NOVA YORK. Com um novo vídeo, desta vez divulgado apenas na internet, em que explora de maneira sarcástica o endeusamento da figura do candidato democrata, comparando-o a Moisés e insinuando que o próprio Barack Obama se considera um iluminado, a campanha do republicano John McCain continuou ontem a tentativa de desconstrução de seu adversário, cuja liderança a cada dia vai se erodindo perigosamente. A diferença a favor do democrata está praticamente zerada, segundo as últimas pesquisas diárias. A campanha negativa parece estar tendo boa receptividade junto ao eleitorado, mas há quem tema no Partido Republicano que uma dose exagerada possa reverter contra McCain.
Do lado dos democratas, o maior temor é que se repita o que aconteceu em 1988 com o então candidato Dukakis, que chegou a ter uma dianteira de 17 pontos sobre Bush pai, acabou sendo derrotado, muito por causa de uma cerrada campanha negativa. Na verdade, tanto naquela eleição quanto agora, a economia tem papel de destaque no resultado.
Bush era o vice de Reagan e se aproveitou da melhora da situação econômica, enquanto hoje McCain carrega nos ombros as dificuldades econômicas do segundo governo de George W. Bush. De qualquer maneira, já entrou para a história das campanhas eleitorais americanas a propaganda sobre Willie Horton, um presidiário negro que, num fim de semana livre para visitar a família, estuprou e matou uma mulher branca.
O governador do estado de Massachusetts era Michael Dukakis, e a campanha de Bush pai aproveitou-se para explorar sua suposta leniência no combate ao crime, embora a lei que permitiu ao prisioneiro deixar a cadeia tenha sido aprovada anteriormente ao seu governo, e por um republicano.

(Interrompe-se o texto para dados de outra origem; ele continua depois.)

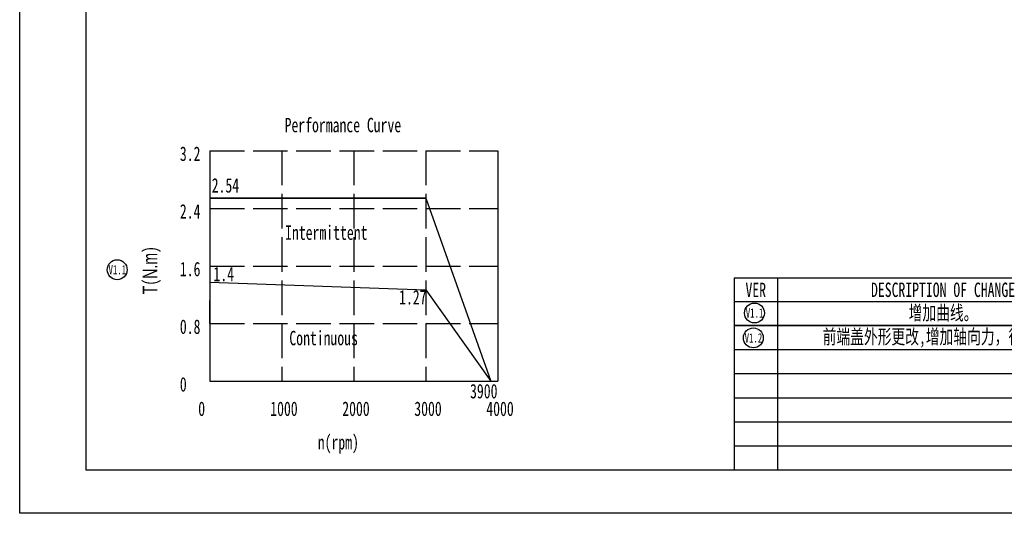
# Model space of a CAD drawing. Extents: x 8881 to 9574, y 555 to 1045.
# Tile 1 of 7: x 8881 to 9223, y 555 to 726. Entities that reach past the tile are written whole.
import ezdxf

# ---------------------------------------------------------------- set-up
doc = ezdxf.new("R2010")
doc.units = 0
doc.header["$MEASUREMENT"] = 0
doc.linetypes.add('ACAD_ISO02W100', pattern=[15, 12, -3])
doc.layers.get('0').update_dxf_attribs({"linetype": 'CONTINUOUS'})
for name, color, linetype in [('01_SOLID', 7, 'CONTINUOUS'), ('BORDER', 7, 'CONTINUOUS'), ('dimensoin', 7, 'CONTINUOUS')]:
    doc.layers.add(name, color=color, linetype=linetype)
doc.styles.get("Standard").update_dxf_attribs({"font": 'SimSun.ttf', "width": 0.7, "height": 5})

msp = doc.modelspace()

# ---------------------------------------------------------------- linework, layer by layer
at = {"color": 7, "linetype": 'Continuous', "lineweight": 30}
for p, q in [((8903.8559, 1029.91915), (8903.8559, 569.86915)), ((8903.8559, 1029.91915), (8903.8559, 569.86915)), ((8946.85728, 680.66362), (8946.85728, 600.66362)), ((8946.85728, 664.16362), (9021.85728, 664.16362)), ((9021.85728, 664.16362), (9044.35728, 600.66362)), ((9128.8559, 636.53582), (9258.8559, 636.53582)), ((9128.85594, 636.53583), (9258.85594, 636.53583)), ((9128.85594, 636.53583), (9128.85594, 569.86917)), ((9128.85594, 636.53583), (9128.85594, 569.86917)), ((8946.85728, 635.01362), (9021.85728, 632.41362)), ((9021.85728, 632.41362), (9044.35728, 600.66362)), ((8946.85728, 600.66362), (9046.85728, 600.66362)), ((9558.8559, 569.86915), (8903.8559, 569.86915))]:
    msp.add_line(p, q, dxfattribs=at)
at = {"layer": '01_SOLID', "color": 6, "linetype": 'ACAD_ISO02W100'}
for p, q in [((8946.85728, 680.66362), (9046.85728, 680.66362)), ((8971.85728, 680.66362), (8971.85728, 600.66362)), ((8996.85728, 680.66362), (8996.85728, 600.66362)), ((9021.85728, 680.66362), (9021.85728, 600.66362)), ((8946.85728, 660.66362), (9046.85728, 660.66362)), ((8946.85728, 640.66362), (9046.85728, 640.66362)), ((8946.85728, 620.66362), (9046.85728, 620.66362))]:
    msp.add_line(p, q, dxfattribs=at)
at = {"layer": '01_SOLID', "color": 2}
msp.add_line((9046.85728, 680.66362), (9046.85728, 600.66362), dxfattribs=at)
at = {"layer": '01_SOLID'}
for p, q in [((9021.85728, 664.16362), (8946.85728, 664.16362)), ((8946.85728, 664.16362), (9021.85728, 664.16362)), ((8946.85728, 620.66362), (8946.85728, 628.66362)), ((8946.85728, 600.66362), (9044.35728, 600.66362))]:
    msp.add_line(p, q, dxfattribs=at)
at = {"layer": '01_SOLID', "color": 2}
for centre in [(8914.70195, 639.37401), (9135.9023, 624.35839), (9135.51951, 615.72028)]:
    msp.add_circle(centre, 3.4565, dxfattribs=at)
at = {"layer": 'BORDER', "color": 1}
for p, q in [((8880.8559, 554.86915), (8880.8559, 1044.91915)), ((9573.85589, 554.86915), (8880.85589, 554.86915))]:
    msp.add_line(p, q, dxfattribs=at)
at = {"layer": 'dimensoin', "color": 2, "lineweight": 25}
for p, q in [((9143.85594, 636.53583), (9143.85594, 569.86917)), ((9258.85594, 628.2025), (9128.85594, 628.2025)), ((9258.8559, 619.86915), (9128.8559, 619.86915)), ((9258.85594, 619.97188), (9128.85594, 619.97188)), ((9258.85594, 619.97188), (9128.85594, 619.97188)), ((9258.85594, 619.86915), (9128.85594, 619.86915)), ((9258.8559, 611.53582), (9128.8559, 611.53582)), ((9258.8559, 603.20248), (9128.8559, 603.20248)), ((9258.85594, 603.20248), (9128.85594, 603.20248)), ((9258.8559, 594.86915), (9128.8559, 594.86915)), ((9258.8559, 594.86915), (9128.8559, 594.86915)), ((9258.8559, 586.53582), (9128.8559, 586.53582)), ((9258.8559, 578.20248), (9128.8559, 578.20248))]:
    msp.add_line(p, q, dxfattribs=at)

# ---------------------------------------------------------------- texts
at = {"layer": '01_SOLID', "color": 3}
for s, insert, char_height, width, attachment_point in [('Performance Curve', (8972.80338, 692.06857), 5, 54.0666667, 1), ('3.2', (8936.45001, 682.11506), 5, 9.0755292, 1), ('2.54', (8947.50202, 671.13298), 5, 9.0755292, 1), ('2.4', (8936.45001, 662.11506), 5, 9.0755292, 1), ('Intermittent', (8987.2602, 652.20789), 5, 65.6444444, 5), ('V1.1', (8914.73659, 639.34297), 3.2, 73.6, 5), ('1.6', (8936.45001, 642.11506), 5, 9.0755292, 1), ('1.4', (8948.12091, 640.39296), 5, 9.0755292, 1), ('1.27', (9012.55402, 632.32481), 5, 9.0755292, 1), ('VER', (9136.35594, 632.36917), 5, 115, 5), ('DESCRIPTION OF CHANGE', (9201.35594, 632.36917), 5, 115, 5), ('V1.1', (9135.93693, 624.32736), 3.2, 73.6, 5), ('增加曲线。', (9201.35594, 624.13854), 5, 115, 5), ('0.8', (8936.45001, 622.11506), 5, 9.0755292, 1), ('Continuous', (8986.35853, 615.62343), 5, 65.6444444, 5), ('前端盖外形更改,增加轴向力，径向力。', (9201.35598, 615.50652), 5, 115, 5), ('V1.2', (9135.55414, 615.68924), 3.2, 73.6, 5), ('0', (8936.45001, 602.11506), 5, 9.0755292, 1), ('3900', (9037.17951, 599.74269), 5, 9.0755292, 1), ('0', (8942.81983, 593.64001), 5, 9.0755292, 1), ('1000', (8967.81983, 593.64001), 5, 9.0755292, 1), ('2000', (8992.81983, 593.64001), 5, 9.0755292, 1), ('3000', (9017.81983, 593.64001), 5, 9.0755292, 1), ('4000', (9042.81983, 593.64001), 5, 9.0755292, 1), ('n(rpm)', (8984.30369, 582.00559), 5, 9.0755292, 1)]:
    msp.add_mtext(s, dxfattribs=dict(at, insert=insert, char_height=char_height, width=width, attachment_point=attachment_point))
at = {"layer": '01_SOLID', "color": 3, "insert": (8923.58667, 630.85777), "char_height": 5, "width": 23.4111033, "attachment_point": 1, "rotation": 90}
msp.add_mtext('{\\fArial|b0|i0|c0|p32;T}({\\fArial|b0|i0|c0|p32;N.m})', dxfattribs=at)

doc.saveas('drawing.dxf')

Outro tristemente famoso filmete de propaganda eleitoral é o dos veteranos de guerra do Vietnã acusando o candidato democrata de 2004 John Kerry de não merecer as medalhas e honrarias por bravura. Como é praxe nas campanhas americanas, também um livro foi publicado com o título de “Unfit for Command” (Despreparado para Comandar), tendo ido para a lista de best-sellers.
Outros candidatos a presidente também foram alvos de campanhas difamatórias, como o próprio George W. Bush e Bill Clinton, mas os dois venceram suas respectivas eleições e foram reeleitos.
Um dos livros mais violentos contra o atual presidente Bush foi escrito por Molly Ivins, uma jornalista de esquerda do Texas, que, a começar pelo título, marcou o presidente com um apelido depreciativo: “Shrub”, o mesmo que “Bush” em inglês, uma espécie de arbusto.
O livro “Shrub: The Short But Happy Political Life of George W. Bush” (A curta mas feliz vida política de George W.
Bush) faz acusações pesadas contra o que a jornalista chama de negociatas e acordos políticos espúrios.
Com a subida de tom da atual campanha, é provável que surjam pelo caminho outras propagandas explorando a relação passada de Obama com o ex-pastor radical reverendo Jeremiah Wright, ou com William Ayers, professor de Chicago, que participou de um grupo terrorista nos anos 60 do século passado.
Esses e outros assuntos polêmicos, como a suposta educação muçulmana que teria tido na infância, fazem parte do livro “Um Caso contra Barack Obama, a improvável ascensão e a não examinada agenda do candidato favorito da mídia”, de David Freddoso, um jornalista de direita da “National Review”, que será lançado na próxima segunda-feira.
Por incrível que possa parecer, ainda existem 12% dos americanos que acreditam que o candidato democrata Barack Obama é muçulmano.
Recente pesquisa do Pew Research Center revelou que essa desinformação não se limita aos que se opõem a Obama, havendo a mesma proporção entre democratas e republicanos que acreditam nela.
A diferença contra Obama é que entre os democratas que acreditam que Obama é muçulmano, apenas 62% dizem que votarão nele, uma diferença de 28 pontos percentuais em relação aos democratas que acreditam que Obama é cristão, o que ele de fato é.
Essa percepção está mais arraigada nos grotões dos Estados Unidos, e uma reportagem da CNN mostrou recentemente que mesmo com a informação correta esses americanos desconfiam que uma pessoa com o nome de Barack Hussein Obama seja um muçulmano.
Há quem acredite que por trás da campanha mais agressiva de McCain está Karl Rove, um conselheiro político tradicional do partido republicano que coordenou a assessoria política das campanhas de George W. Bush, sendo responsável pelas campanhas negativas de propaganda, e foi seu assessor na Casa Branca. Em seu blog, ele criticava a campanha de McCain, taxando-a de incompetente e insossa.
Mas a história do marketing político tem exemplos de campanhas propositivas que deram certo, e também de campanhas negativas que reverteram contra seus autores.
Um exemplo bem-sucedido de campanha propositiva é um filmete considerado o caso mais conhecido da estratégia de reversão comunicacional: chama-se “Aburrido” (Aborrecido).
Feito pelo famoso marqueteiro americano Dick Morris para a campanha de De La Rúa à presidência da Argentina, em 2001, aproveitou características consideradas não populares do candidato, como sua rabugice e timidez, e transformouas em trunfo eleitoral.
Um caso de campanha de “desconstrução” que deu errado é também de Morris em uma campanha presidencial no México. O filmete “Labestida” (a besta) procurava ressaltar a percepção generalizada de que o candidato do PRI, Francisco Labastida, era burro. Os estrategistas do PRI identificaram, através de pesquisas, que havia espaço para vitimizar o candidato atacado, e o eleitorado ficou do seu lado. Vicente Fox perdeu pontos com essa peça, embora tenha se recuperado e vencido as eleições.
Na coluna de ontem, onde está escrito “propaganda em que os democratas tratam Obama como uma celebridade sem condições de governar o país...”, evidentemente deveria estar escrito “republicanos”.